[[ LISTED RECORDS open ]]
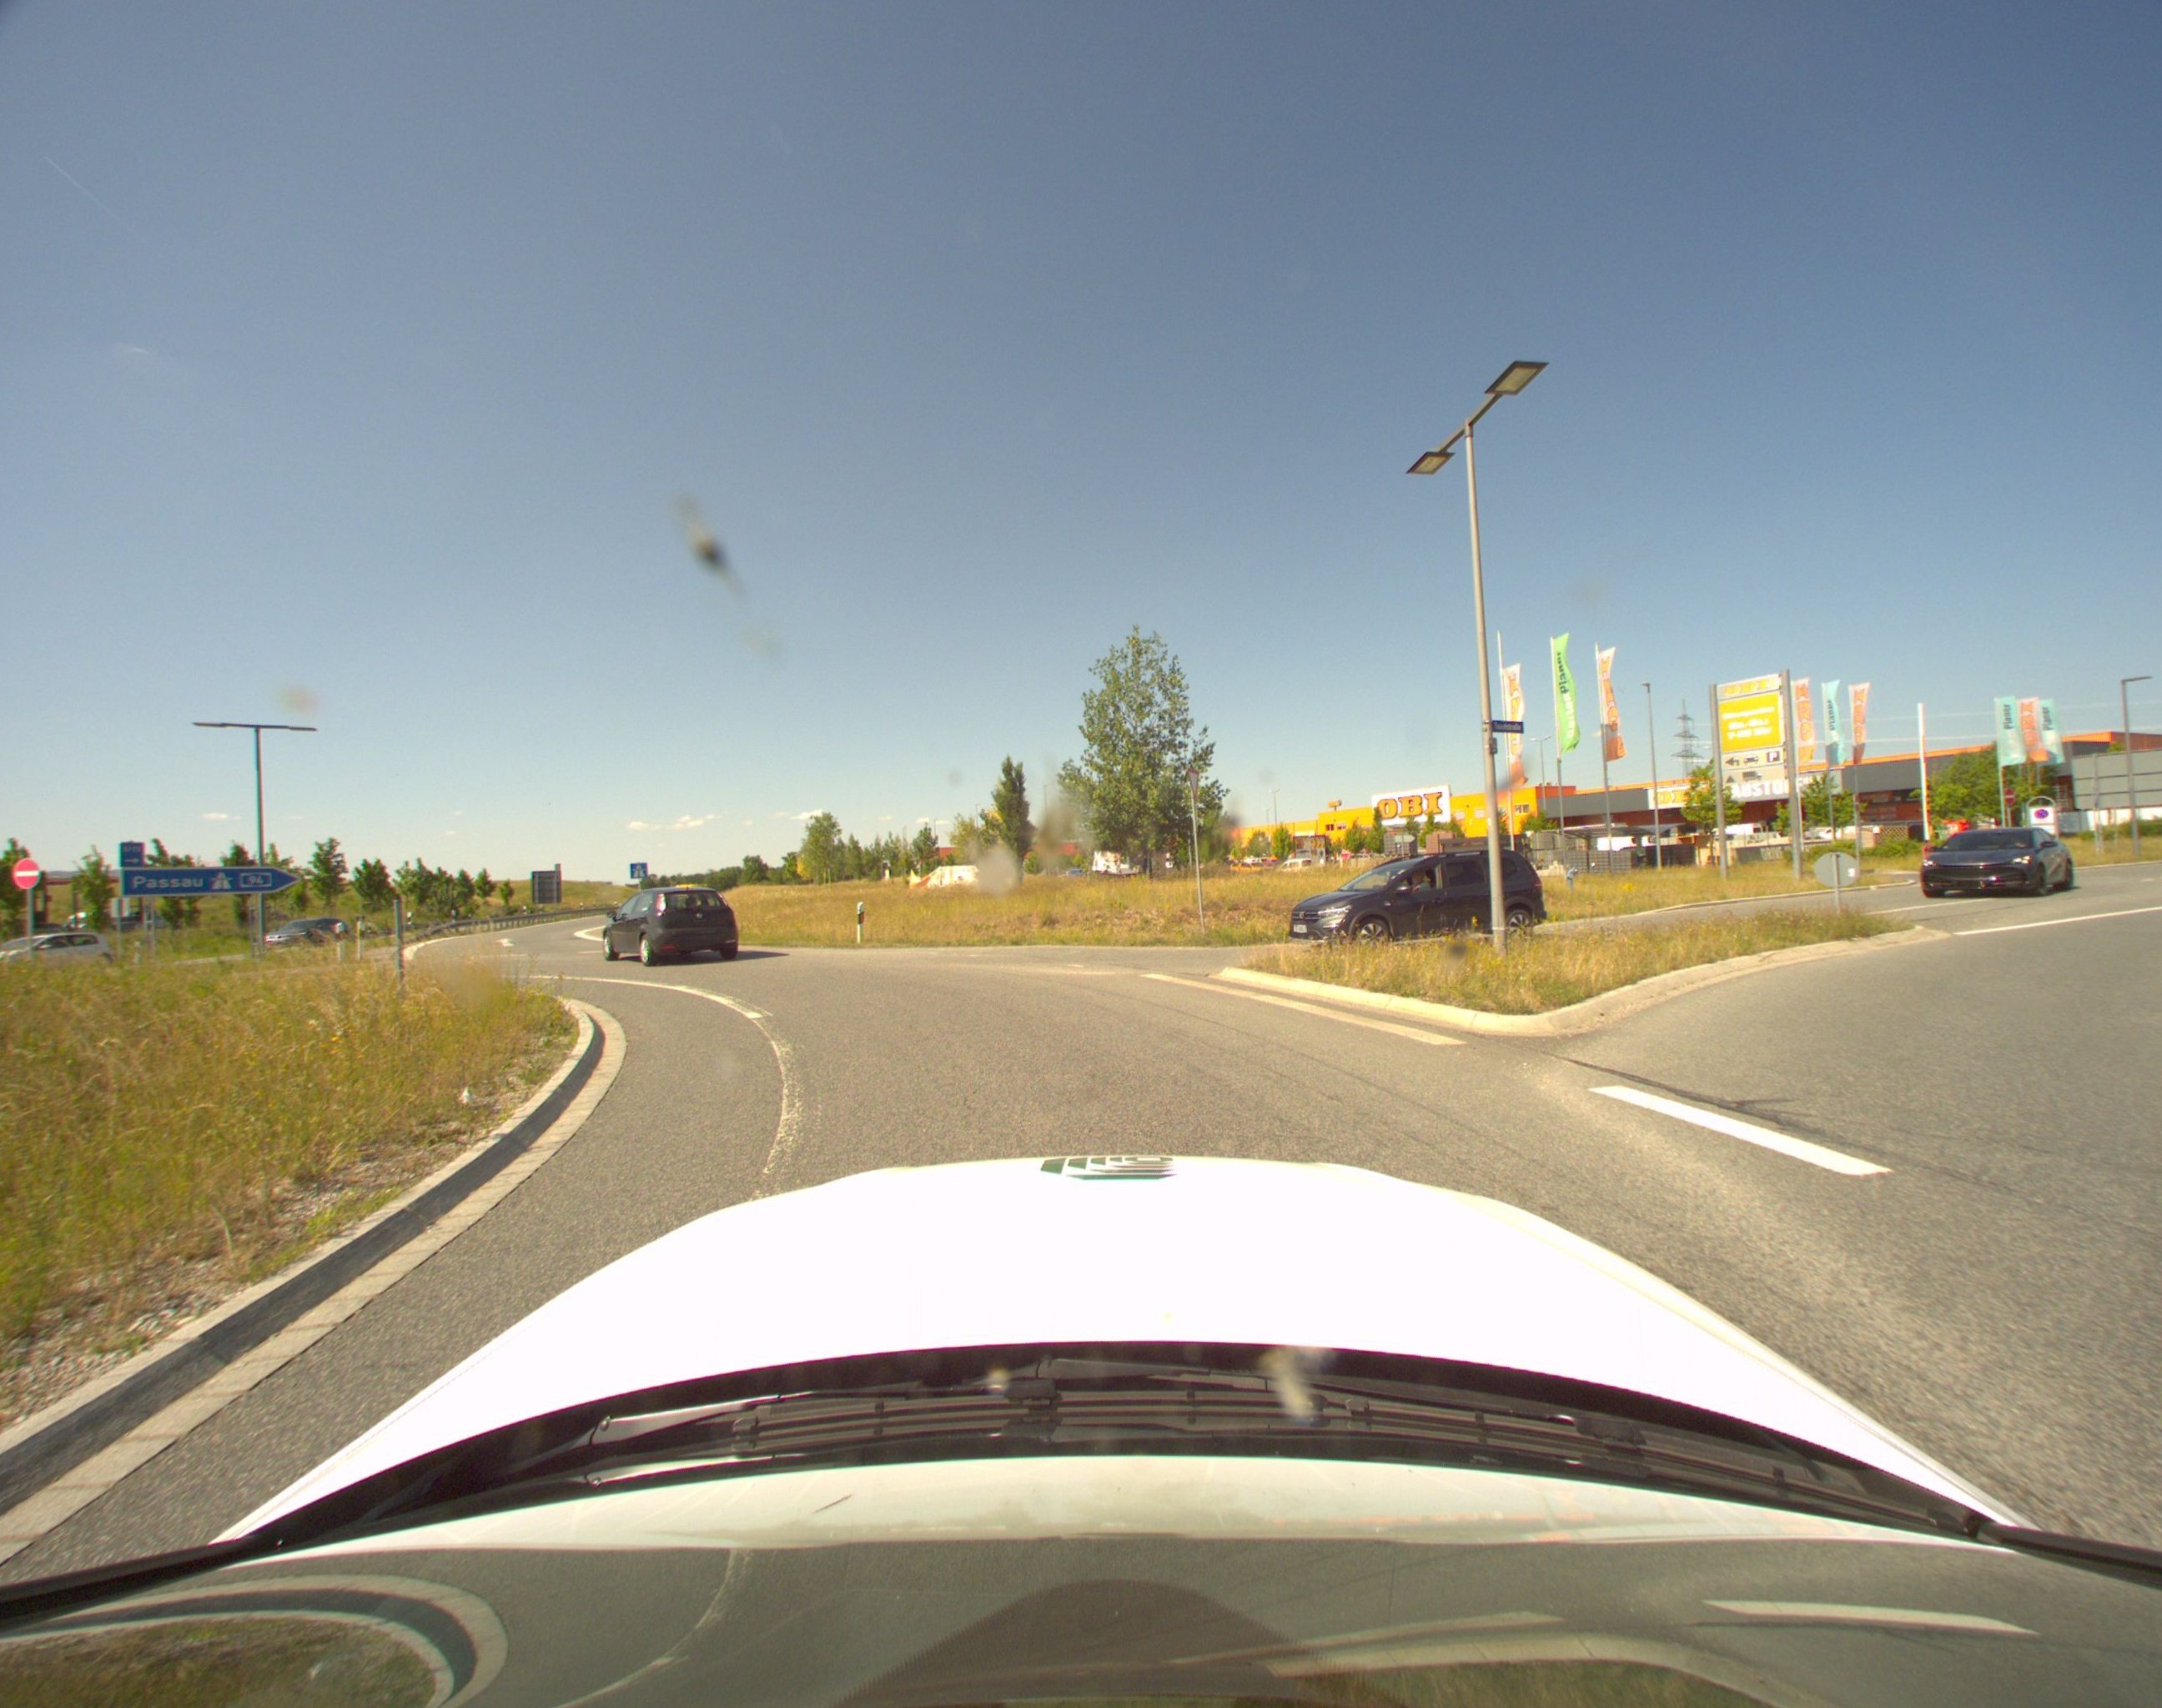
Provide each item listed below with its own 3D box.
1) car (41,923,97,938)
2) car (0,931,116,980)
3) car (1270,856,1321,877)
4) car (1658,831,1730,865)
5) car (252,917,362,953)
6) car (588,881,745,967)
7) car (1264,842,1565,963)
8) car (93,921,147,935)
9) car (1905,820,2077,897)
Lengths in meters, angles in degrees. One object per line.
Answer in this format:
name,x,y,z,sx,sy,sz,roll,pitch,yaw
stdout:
car,-86.917,6.519,69.944,2.715,1.009,1.235,-3,-1,-27
car,-37.262,3.628,29.126,1.690,1.414,3.566,-3,-1,-13
car,18.943,1.135,72.167,2.009,1.618,3.956,-2,-1,-36
car,35.054,-0.338,46.553,3.781,1.841,1.686,-1,-2,-26
car,-39.447,4.100,41.665,1.685,1.414,4.359,-3,-1,-5
car,-8.541,1.396,16.633,3.855,1.488,1.655,-4,-3,44
car,5.829,0.804,14.410,4.620,1.706,1.947,-3,-2,-15
car,-85.438,6.553,72.428,2.715,1.009,1.370,-3,-1,-27
car,22.257,0.083,19.870,4.715,1.627,2.056,-2,-3,-34
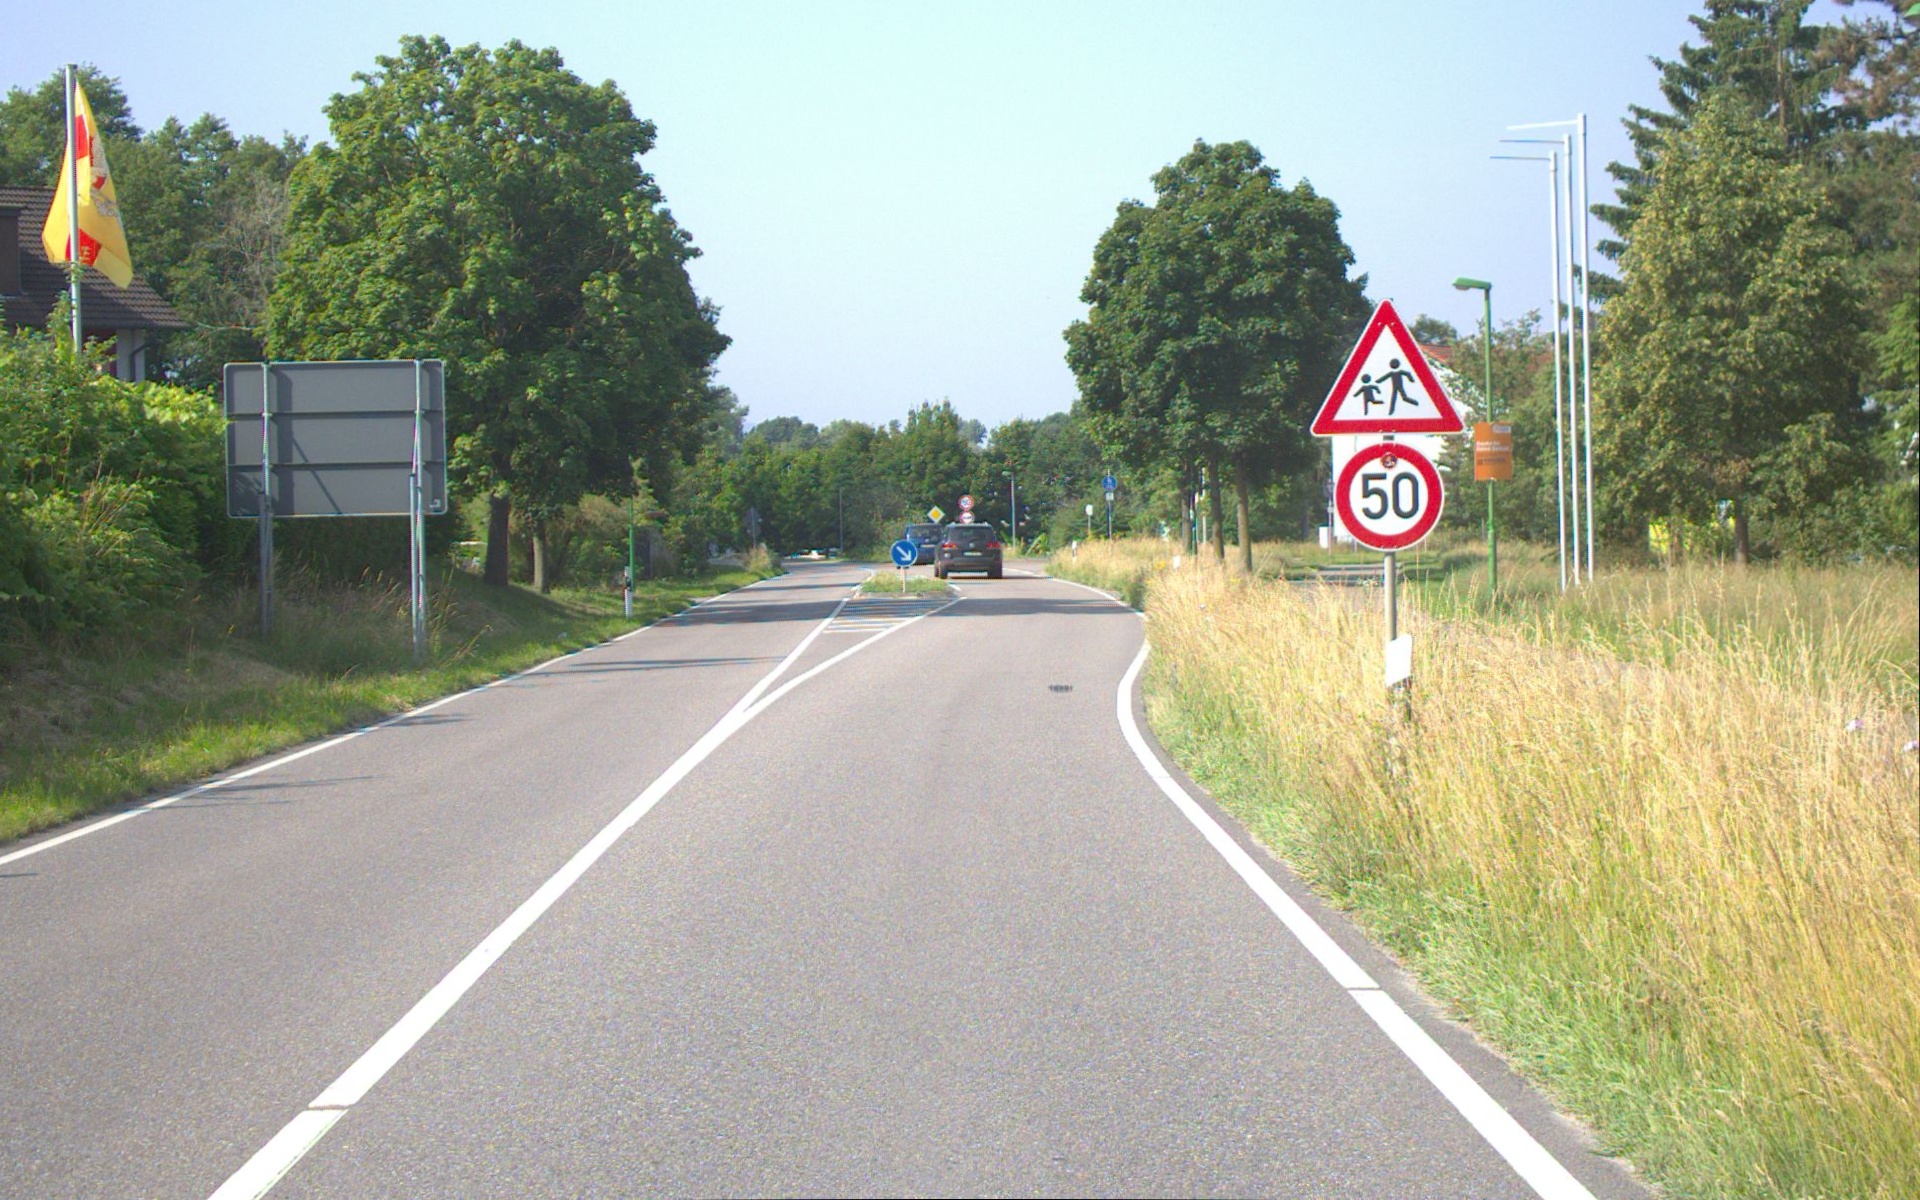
[[ LISTED RECORDS closed ]]
Copy exactly the lines that run from the line containing "3) car (1270,856,1321,877)" to the end of the data, keeping both end lines and dropping every picture.

RESPONSE FOR THIS EXERCISE
3) car (1270,856,1321,877)
4) car (1658,831,1730,865)
5) car (252,917,362,953)
6) car (588,881,745,967)
7) car (1264,842,1565,963)
8) car (93,921,147,935)
9) car (1905,820,2077,897)
Lengths in meters, angles in degrees. One object per line.
Answer in this format:
name,x,y,z,sx,sy,sz,roll,pitch,yaw
stdout:
car,-86.917,6.519,69.944,2.715,1.009,1.235,-3,-1,-27
car,-37.262,3.628,29.126,1.690,1.414,3.566,-3,-1,-13
car,18.943,1.135,72.167,2.009,1.618,3.956,-2,-1,-36
car,35.054,-0.338,46.553,3.781,1.841,1.686,-1,-2,-26
car,-39.447,4.100,41.665,1.685,1.414,4.359,-3,-1,-5
car,-8.541,1.396,16.633,3.855,1.488,1.655,-4,-3,44
car,5.829,0.804,14.410,4.620,1.706,1.947,-3,-2,-15
car,-85.438,6.553,72.428,2.715,1.009,1.370,-3,-1,-27
car,22.257,0.083,19.870,4.715,1.627,2.056,-2,-3,-34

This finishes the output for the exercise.